— Почему шучу? — искренне удивился Витька, развернул газету и, сонно моргая, сделал вид, что читает ее. — Я говорю все, как есть. Ну, хорошо, пусть даже эта твоя Катя простит тебя, как только вы встретитесь, откажется от жизни в Америке, бросит преуспевающего мужа и, как жена декабриста, последует за тобой, куда бы ты ни направлялся. Пусть! Но неужели ты думаешь, что Анжелика так просто от тебя откажется? К тому же, не забывай, все эти годы ты был счастлив с ней. Ну, хорошо-хорошо, — поморщился он, увидев, что Константин явно собирается возразить. — Пусть несчастлив, ладно, хотя не очень-то я в это верю. Но у тебя была ровная жизнь, которая давно уже вошла в колею. А ты ведь помнишь, что там пел Высоцкий, насчет чужой колеи, а? Сам раньше ее пел под гитару, верно ведь?
Но Витькин намек до сознания Константина, раздираемого противоречиями, просто не дошел. Он опустился в кресло напротив Витьки и дрожащими руками обхватил голову.
— Что же делать? — воскликнул он в отчаянии. — Помоги, подскажи что-нибудь, ты же мне друг.
— Что тут можно делать? — рассудительно заметил Витька с видом воспитанного кролика из Вини-Пуха. Так и казалось, что он сейчас скажет: «Ждать, пока не похудеешь». — Что делать? Анжелике расскажи, что встретил Катю, Кате расскажи, какой ты болван, да к тому же еще и женатый болван, а дальше пусть все плывет по течению. Что будет, то будет.
Константин болезненно поморщился.
— Что, не устраивает? — усмехнулся Виктор. — Тогда вариант А: разведись с Анжеликой, женись на Кате, если она, конечно, на это согласится. Вариант Б: оставь Катю в покое и живи, как жил, что тоже неплохо. Ты и так из-за той выходки и себе жизнь чуть не поломал, и ей. А знаешь, есть еще и вариант В, — Витька придвинулся ближе к Косте, хотя в номере никого, кроме их двоих, не было. — Вчера ко мне тут две американочки клеились.
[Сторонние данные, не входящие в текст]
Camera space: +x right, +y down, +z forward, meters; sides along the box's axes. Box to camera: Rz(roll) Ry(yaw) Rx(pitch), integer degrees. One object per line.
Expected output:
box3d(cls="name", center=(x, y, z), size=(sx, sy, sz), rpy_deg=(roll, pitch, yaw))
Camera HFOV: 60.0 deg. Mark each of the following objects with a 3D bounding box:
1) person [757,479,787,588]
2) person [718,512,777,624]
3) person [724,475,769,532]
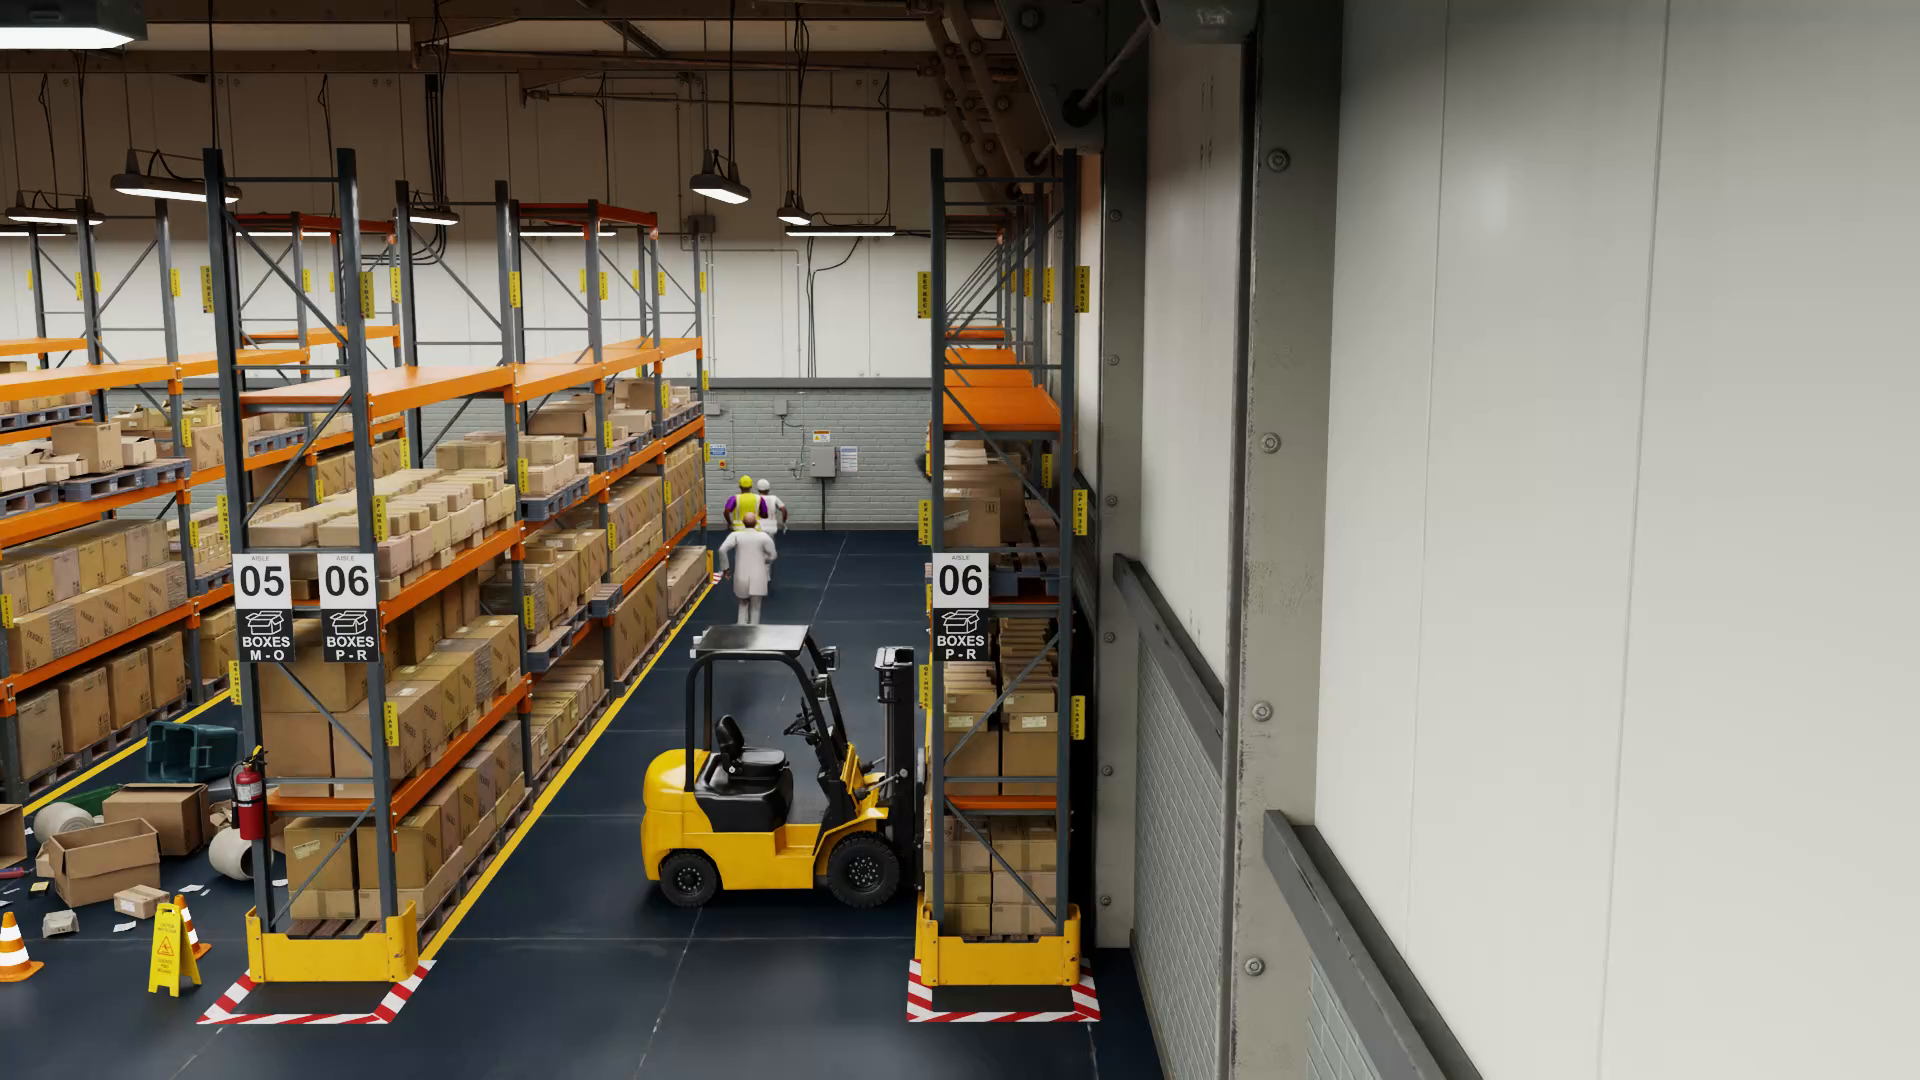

Узнали, что я русский продюсер, страшно им в «мама Раша», понимаешь ли, захотелось. Уверяют, что поют ангельскими голосками, Катю Спрингс переплюнут. Я, конечно, не знаю, как там насчет ангельских голосков, но фигурки у них ничего, особенно у той, рыженькой. И видно по ним, что они на все готовы. Так что, может быть, чем терзаться, развлечемся сегодня немножко, а? — Витька подмигнул с самым лукавым видом, на какой только был способен. — Чем хочешь поклянусь, твоя обожаемая женушка ничего об этом не узнает. Тебе же что? Тебе ж расслабиться надо! Вот увидишь, после этого все сразу станет яснее ясного, и ты что-нибудь придумаешь.
Это был в высшей степени философский подход к проблеме, но для Константина, обычного человека, раздираемого страстями, философия, особенно философия такого рода, была в этот момент абсолютно непостижима.